Syntactic complexity and language contact: A corpus-based study of relative clauses in British English and Indian English
DOI:
https://doi.org/10.14198/raei.2017.30.06Keywords:
Syntactic complexity, Language contact, Relative clauses, British English, Indian English, VariationAbstract
The aim of the present paper is to test the claim that contact simplifies language (cf. Kusters, 2008) by comparing the domain of relative clause formation in British English, a L1 variety, and Indian English, a L2 variety. According to Hawkins (1999), the processing cost of relativizing a noun phrase increases down the Accessibility Hierarchy (Subject > Direct Object> Indirect Object > Oblique > Genitive> Object of Comparison) proposed by Keenan and Comrie (1977).
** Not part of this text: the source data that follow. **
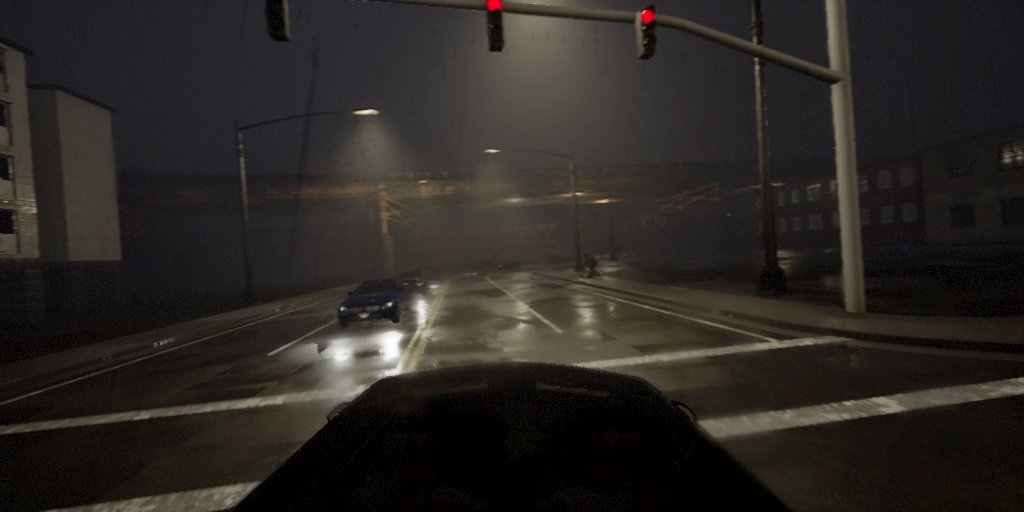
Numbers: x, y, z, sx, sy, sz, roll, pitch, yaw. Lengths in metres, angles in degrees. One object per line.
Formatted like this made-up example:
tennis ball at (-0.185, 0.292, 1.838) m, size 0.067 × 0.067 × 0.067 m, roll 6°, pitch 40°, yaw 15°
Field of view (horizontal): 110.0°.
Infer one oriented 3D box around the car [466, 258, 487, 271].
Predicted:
car at (-3.957, 1.058, 48.463) m, size 2.033 × 1.411 × 5.357 m, roll -4°, pitch 0°, yaw 32°

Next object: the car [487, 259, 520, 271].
car at (-0.797, 1.191, 46.483) m, size 1.895 × 1.301 × 4.718 m, roll -4°, pitch 0°, yaw 31°

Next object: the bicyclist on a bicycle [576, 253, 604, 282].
bicyclist on a bicycle at (4.415, 0.666, 20.368) m, size 1.656 × 1.620 × 0.582 m, roll -4°, pitch 0°, yaw -8°

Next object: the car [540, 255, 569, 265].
car at (6.420, 0.573, 54.001) m, size 4.674 × 1.442 × 1.812 m, roll -4°, pitch 0°, yaw -32°

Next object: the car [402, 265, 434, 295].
car at (-6.175, 1.594, 22.357) m, size 1.837 × 1.490 × 4.892 m, roll -4°, pitch 0°, yaw -8°

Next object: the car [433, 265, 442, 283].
car at (-7.495, 1.608, 32.320) m, size 1.882 × 1.535 × 5.008 m, roll -4°, pitch 0°, yaw -4°

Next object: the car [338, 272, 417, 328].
car at (-4.862, 1.569, 13.261) m, size 1.812 × 1.442 × 4.674 m, roll -4°, pitch 0°, yaw -8°
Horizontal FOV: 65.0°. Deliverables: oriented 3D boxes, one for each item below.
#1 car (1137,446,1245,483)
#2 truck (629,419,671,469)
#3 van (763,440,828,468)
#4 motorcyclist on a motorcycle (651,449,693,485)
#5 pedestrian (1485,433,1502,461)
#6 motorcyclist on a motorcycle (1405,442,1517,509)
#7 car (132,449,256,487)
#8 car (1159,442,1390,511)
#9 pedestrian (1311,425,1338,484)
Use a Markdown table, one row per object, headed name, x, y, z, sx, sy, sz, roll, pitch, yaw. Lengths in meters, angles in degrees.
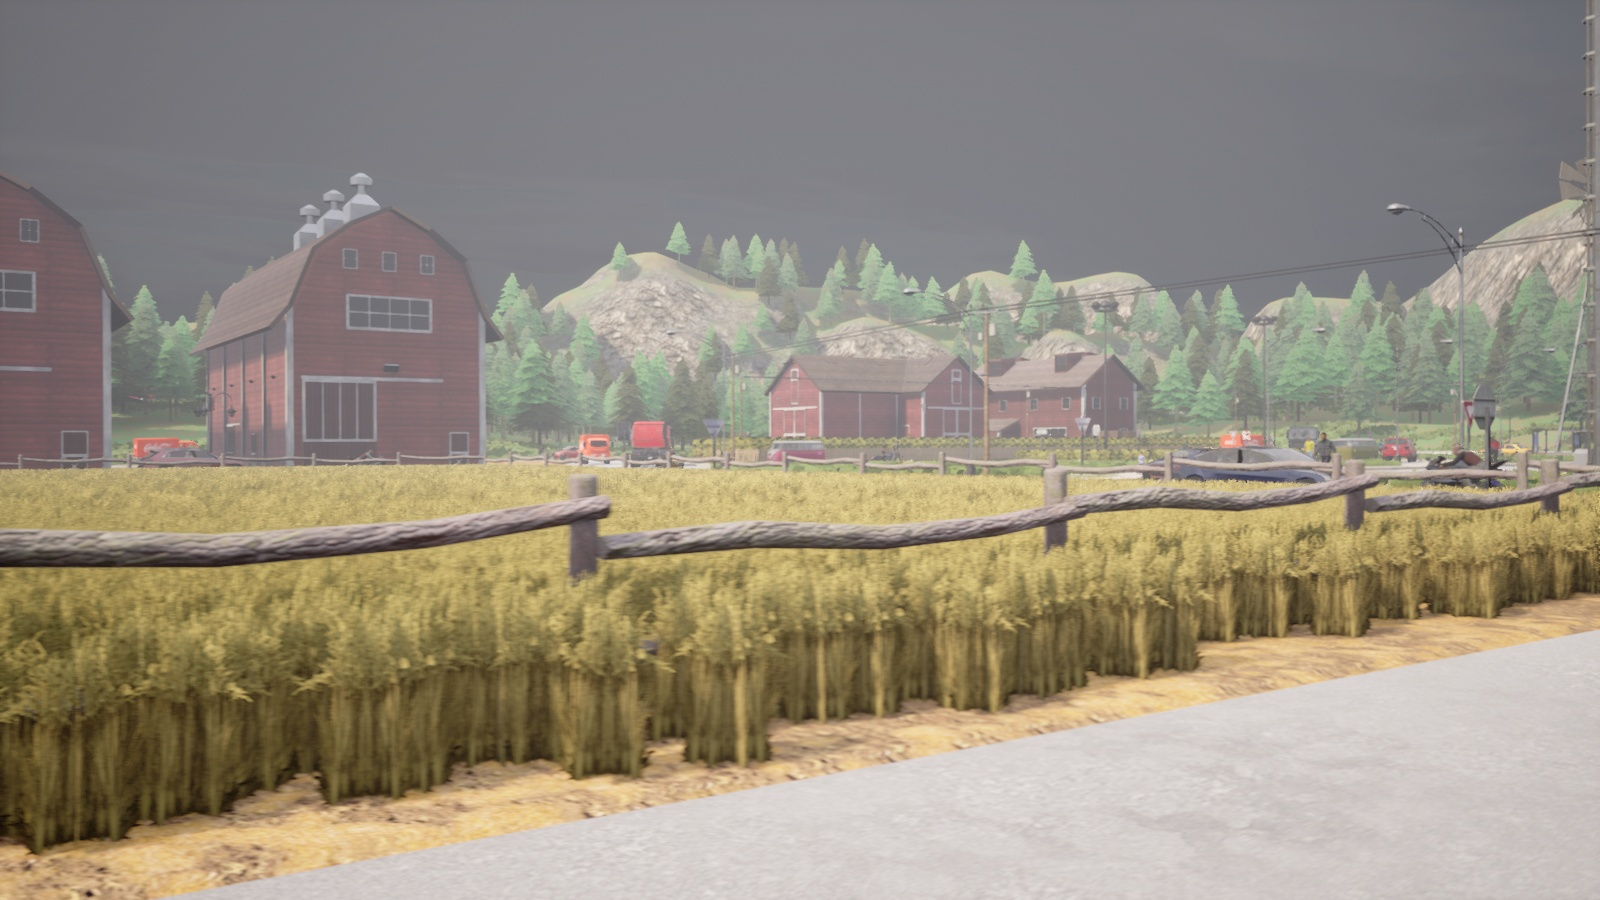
| name | x | y | z | sx | sy | sz | roll | pitch | yaw |
| --- | --- | --- | --- | --- | --- | --- | --- | --- | --- |
| car | 15.503 | 0.561 | 49.724 | 4.181 | 1.385 | 1.994 | -1 | 0 | -36 |
| truck | -10.930 | -0.449 | 91.945 | 2.891 | 3.462 | 7.936 | -1 | 0 | -6 |
| van | -0.329 | 0.288 | 92.227 | 4.442 | 1.987 | 1.775 | -1 | 0 | -31 |
| motorcyclist on a motorcycle | -5.528 | 0.717 | 54.143 | 0.866 | 1.530 | 2.191 | -1 | 0 | -35 |
| pedestrian | 44.671 | -0.200 | 80.907 | 0.899 | 1.844 | 0.634 | -1 | 0 | -35 |
| motorcyclist on a motorcycle | 15.703 | 0.581 | 29.884 | 0.866 | 1.530 | 2.191 | -1 | 0 | -35 |
| car | -28.214 | 0.812 | 58.556 | 4.856 | 1.649 | 2.033 | -1 | 0 | -38 |
| car | 11.265 | 0.587 | 30.128 | 2.163 | 1.488 | 4.792 | -1 | 0 | -35 |
| pedestrian | 17.556 | 0.153 | 41.995 | 0.788 | 1.949 | 0.423 | -1 | 0 | -30 |
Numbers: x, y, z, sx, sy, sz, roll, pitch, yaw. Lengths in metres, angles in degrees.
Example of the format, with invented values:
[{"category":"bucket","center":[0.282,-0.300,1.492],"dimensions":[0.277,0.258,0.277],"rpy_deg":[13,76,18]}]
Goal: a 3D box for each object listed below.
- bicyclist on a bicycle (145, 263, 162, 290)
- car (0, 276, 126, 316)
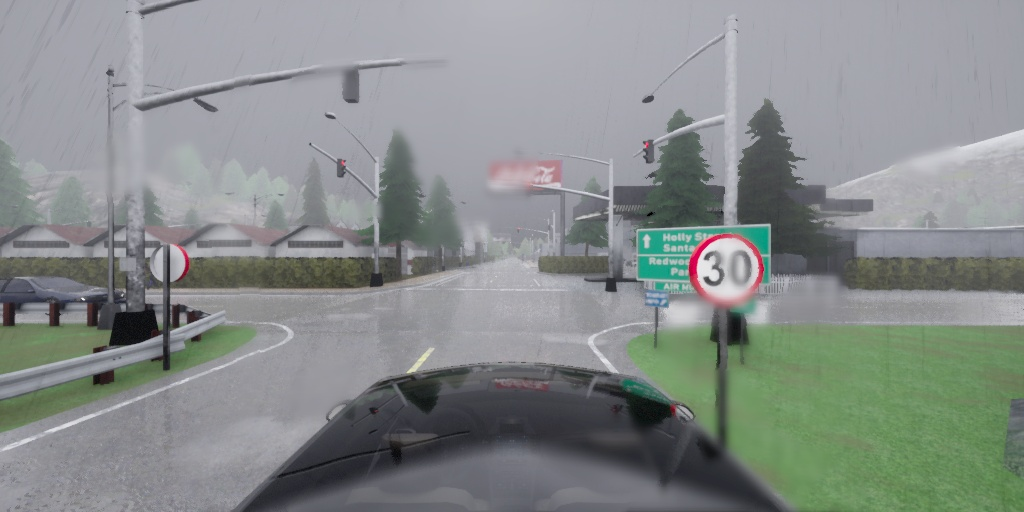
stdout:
[{"category":"bicyclist on a bicycle","center":[-21.677,1.244,21.354],"dimensions":[0.582,1.620,1.656],"rpy_deg":[0,0,1]},{"category":"car","center":[-18.324,1.489,13.794],"dimensions":[5.357,1.411,2.033],"rpy_deg":[0,0,-2]}]
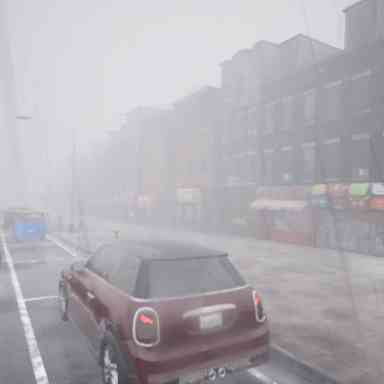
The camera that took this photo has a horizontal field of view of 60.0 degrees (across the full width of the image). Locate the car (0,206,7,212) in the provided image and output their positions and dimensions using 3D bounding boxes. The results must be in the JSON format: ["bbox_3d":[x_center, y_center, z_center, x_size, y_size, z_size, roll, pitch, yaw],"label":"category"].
[{"bbox_3d":[-43.913,3.860,76.973,1.947,1.339,4.313,1,-2,-31],"label":"car"}]

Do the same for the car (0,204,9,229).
[{"bbox_3d":[-15.538,2.217,29.506,2.192,1.841,5.009,1,-2,-31],"label":"car"}]

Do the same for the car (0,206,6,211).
[{"bbox_3d":[-46.750,4.016,81.720,1.802,1.307,4.206,1,-2,-31],"label":"car"}]

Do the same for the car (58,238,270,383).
[{"bbox_3d":[-0.867,1.567,5.681,2.097,1.767,4.553,2,-3,-31],"label":"car"}]

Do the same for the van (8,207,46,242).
[{"bbox_3d":[-9.863,1.967,20.011,1.690,1.788,3.998,1,-2,-31],"label":"van"}]

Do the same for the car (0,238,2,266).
[{"bbox_3d":[-7.317,1.916,10.832,1.895,1.301,4.718,2,-3,-31],"label":"car"}]
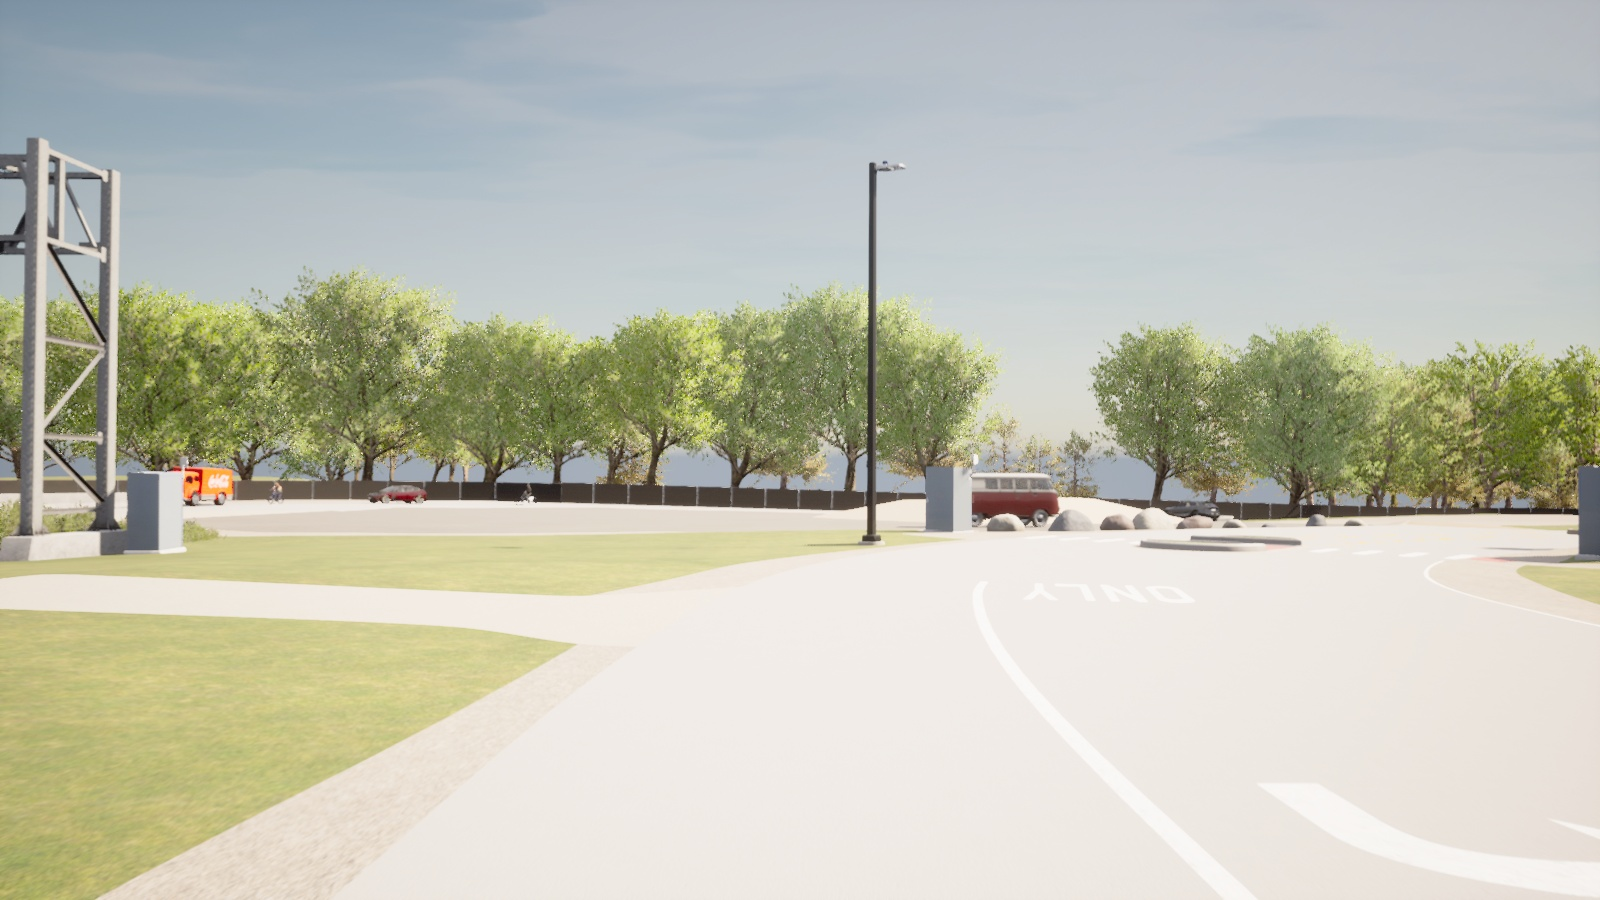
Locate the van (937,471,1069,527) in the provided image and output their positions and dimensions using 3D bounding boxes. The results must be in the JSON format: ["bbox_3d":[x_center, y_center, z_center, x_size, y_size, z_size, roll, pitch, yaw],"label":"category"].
[{"bbox_3d":[7.436,1.802,46.131,4.442,1.987,1.775,0,-2,-14],"label":"van"}]

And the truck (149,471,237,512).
[{"bbox_3d":[-39.380,2.722,81.657,2.627,2.467,5.204,2,-2,7],"label":"truck"}]
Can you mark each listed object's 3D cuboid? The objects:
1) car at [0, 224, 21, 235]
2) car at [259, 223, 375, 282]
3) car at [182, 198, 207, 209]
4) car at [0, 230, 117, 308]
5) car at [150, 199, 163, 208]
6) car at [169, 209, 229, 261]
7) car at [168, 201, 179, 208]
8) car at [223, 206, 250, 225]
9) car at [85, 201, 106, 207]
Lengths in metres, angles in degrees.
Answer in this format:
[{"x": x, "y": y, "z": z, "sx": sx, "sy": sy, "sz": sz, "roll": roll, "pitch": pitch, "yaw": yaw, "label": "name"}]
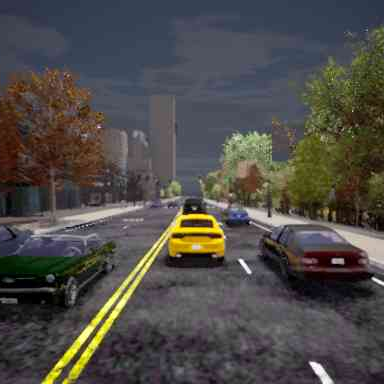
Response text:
[{"x": -6.531, "y": 1.645, "z": 9.740, "sx": 2.033, "sy": 1.411, "sz": 5.357, "roll": 0, "pitch": -1, "yaw": 1, "label": "car"}, {"x": 3.393, "y": 1.675, "z": 10.175, "sx": 2.033, "sy": 1.411, "sz": 5.357, "roll": 0, "pitch": -1, "yaw": 1, "label": "car"}, {"x": 0.217, "y": 1.583, "z": 31.154, "sx": 2.150, "sy": 2.045, "sz": 5.566, "roll": 0, "pitch": -1, "yaw": 0, "label": "car"}, {"x": -3.297, "y": 1.689, "z": 8.234, "sx": 1.895, "sy": 1.301, "sz": 4.718, "roll": 0, "pitch": -1, "yaw": 1, "label": "car"}, {"x": -6.620, "y": 2.058, "z": 61.647, "sx": 2.097, "sy": 1.767, "sz": 4.553, "roll": 0, "pitch": -1, "yaw": 0, "label": "car"}, {"x": 0.179, "y": 1.630, "z": 13.035, "sx": 1.882, "sy": 1.535, "sz": 5.008, "roll": 0, "pitch": -1, "yaw": 1, "label": "car"}, {"x": -3.370, "y": 2.275, "z": 61.483, "sx": 1.994, "sy": 1.385, "sz": 4.181, "roll": 0, "pitch": -1, "yaw": 0, "label": "car"}, {"x": 3.478, "y": 1.871, "z": 27.198, "sx": 2.033, "sy": 1.411, "sz": 5.357, "roll": 0, "pitch": -1, "yaw": 0, "label": "car"}, {"x": -20.142, "y": 2.577, "z": 69.568, "sx": 4.313, "sy": 1.339, "sz": 1.947, "roll": -1, "pitch": 1, "yaw": 0, "label": "car"}]
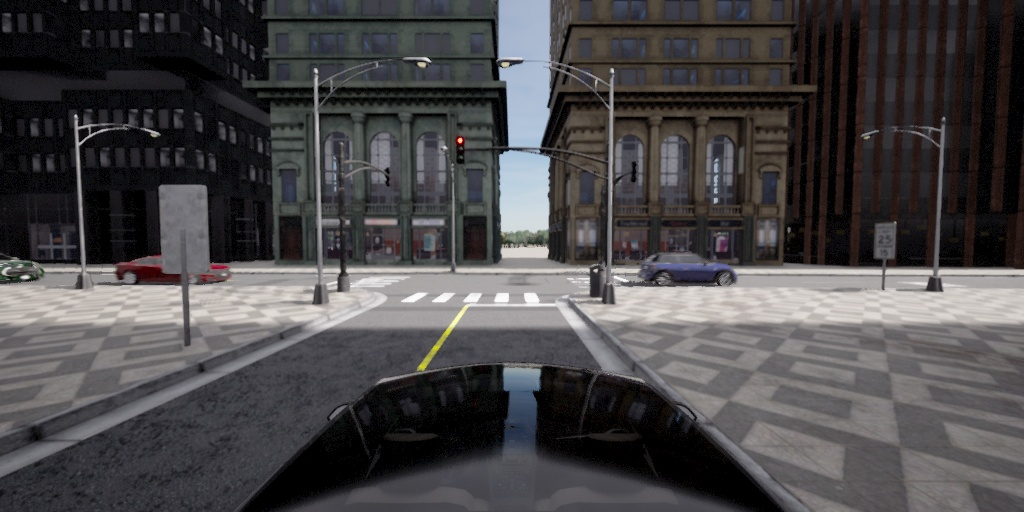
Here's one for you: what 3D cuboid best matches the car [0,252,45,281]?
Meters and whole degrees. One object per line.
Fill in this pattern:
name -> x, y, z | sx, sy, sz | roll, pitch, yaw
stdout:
car -> -27.558, 0.518, 18.622 | 4.553, 1.767, 2.097 | 0, 3, 0

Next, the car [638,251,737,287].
car -> 9.061, 0.614, 18.612 | 4.553, 1.767, 2.097 | 0, 3, 0

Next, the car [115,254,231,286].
car -> -17.460, 0.689, 18.624 | 5.008, 1.535, 1.882 | 0, 3, 0
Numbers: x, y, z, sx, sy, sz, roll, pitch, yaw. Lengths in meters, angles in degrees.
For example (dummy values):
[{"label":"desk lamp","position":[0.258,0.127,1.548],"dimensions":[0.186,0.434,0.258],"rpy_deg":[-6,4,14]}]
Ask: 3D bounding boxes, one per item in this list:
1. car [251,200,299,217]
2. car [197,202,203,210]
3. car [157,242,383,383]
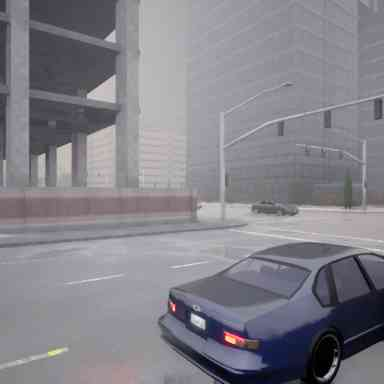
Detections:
[{"label":"car","position":[7.655,1.504,31.054],"dimensions":[1.837,1.490,4.892],"rpy_deg":[0,0,-36]},{"label":"car","position":[-0.613,1.491,42.435],"dimensions":[2.128,1.511,4.902],"rpy_deg":[0,0,-36]},{"label":"car","position":[2.123,1.547,5.303],"dimensions":[5.357,1.411,2.033],"rpy_deg":[0,0,-35]}]
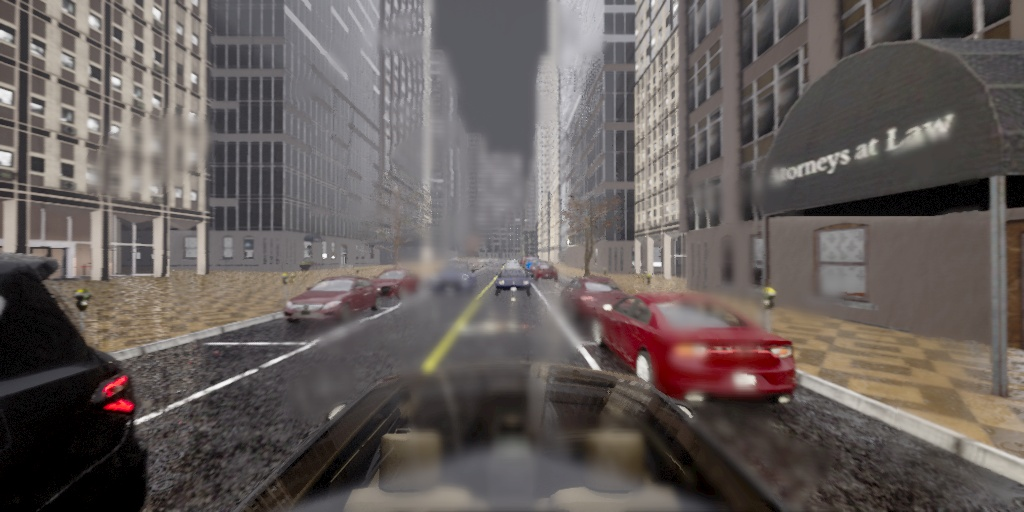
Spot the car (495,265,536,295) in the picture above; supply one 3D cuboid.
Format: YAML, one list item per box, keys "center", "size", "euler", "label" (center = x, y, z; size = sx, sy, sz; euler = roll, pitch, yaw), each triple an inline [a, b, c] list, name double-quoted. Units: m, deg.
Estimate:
- center: [0.086, 1.347, 19.860]
  size: [1.895, 1.301, 4.718]
  euler: [0, 0, 0]
  label: "car"

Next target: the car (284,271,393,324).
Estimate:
- center: [-5.690, 1.331, 11.971]
  size: [1.802, 1.307, 4.207]
  euler: [0, 0, 0]
  label: "car"

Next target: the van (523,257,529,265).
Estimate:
- center: [2.685, 1.077, 45.860]
  size: [1.690, 1.789, 3.998]
  euler: [0, 0, 0]
  label: "van"

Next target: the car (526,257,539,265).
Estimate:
- center: [2.687, 1.181, 34.577]
  size: [1.967, 1.591, 4.097]
  euler: [0, 0, 0]
  label: "car"

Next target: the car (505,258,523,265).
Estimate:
- center: [0.094, 1.263, 45.352]
  size: [1.812, 1.442, 4.674]
  euler: [0, 0, 0]
  label: "car"

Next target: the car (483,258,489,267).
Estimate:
- center: [-5.698, 1.278, 62.758]
  size: [2.007, 1.370, 4.403]
  euler: [0, 0, 0]
  label: "car"

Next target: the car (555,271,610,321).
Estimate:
- center: [2.690, 1.330, 12.011]
  size: [1.802, 1.307, 4.207]
  euler: [0, 0, 0]
  label: "car"

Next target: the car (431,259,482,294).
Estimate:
- center: [-3.063, 1.097, 20.053]
  size: [2.097, 1.767, 4.553]
  euler: [0, 0, 0]
  label: "car"

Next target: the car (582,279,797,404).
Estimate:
- center: [2.692, 1.294, 6.369]
  size: [1.888, 1.381, 4.507]
  euler: [0, 0, 0]
  label: "car"

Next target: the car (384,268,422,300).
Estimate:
- center: [-5.691, 1.292, 17.614]
  size: [1.888, 1.381, 4.507]
  euler: [0, 0, 0]
  label: "car"

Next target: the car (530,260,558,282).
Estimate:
- center: [2.688, 1.288, 28.936]
  size: [1.888, 1.381, 4.507]
  euler: [0, 0, 0]
  label: "car"
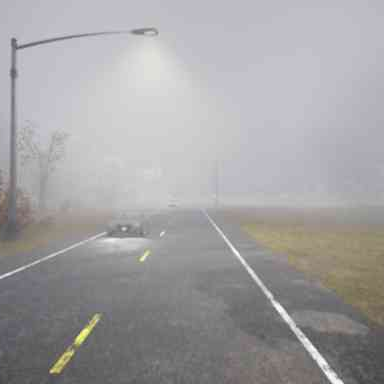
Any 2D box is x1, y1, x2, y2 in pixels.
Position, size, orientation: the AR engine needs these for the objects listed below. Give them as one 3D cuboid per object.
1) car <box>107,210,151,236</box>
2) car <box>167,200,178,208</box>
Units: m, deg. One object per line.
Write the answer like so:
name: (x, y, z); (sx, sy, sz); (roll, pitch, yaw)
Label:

Subject relative clauses are thus easier to process than direct object relatives, and so on. The results of a corpus study of the British and Indian components of the International Corpus of English show that the Accessibility Hierarchy has an indirect effect on the production of relative clauses in British English and Indian English: whereas the distribution of relative clauses with respect to the hierarchy is very similar in both varieties, the number of complex relatives, i.e., with coordination or further embedding, decreases in the lower positions in Indian English. These results thus suggest that language contact plays a significant role in relative clause use and accounts for certain differences between L1 and L2 varieties of English in this grammatical domain.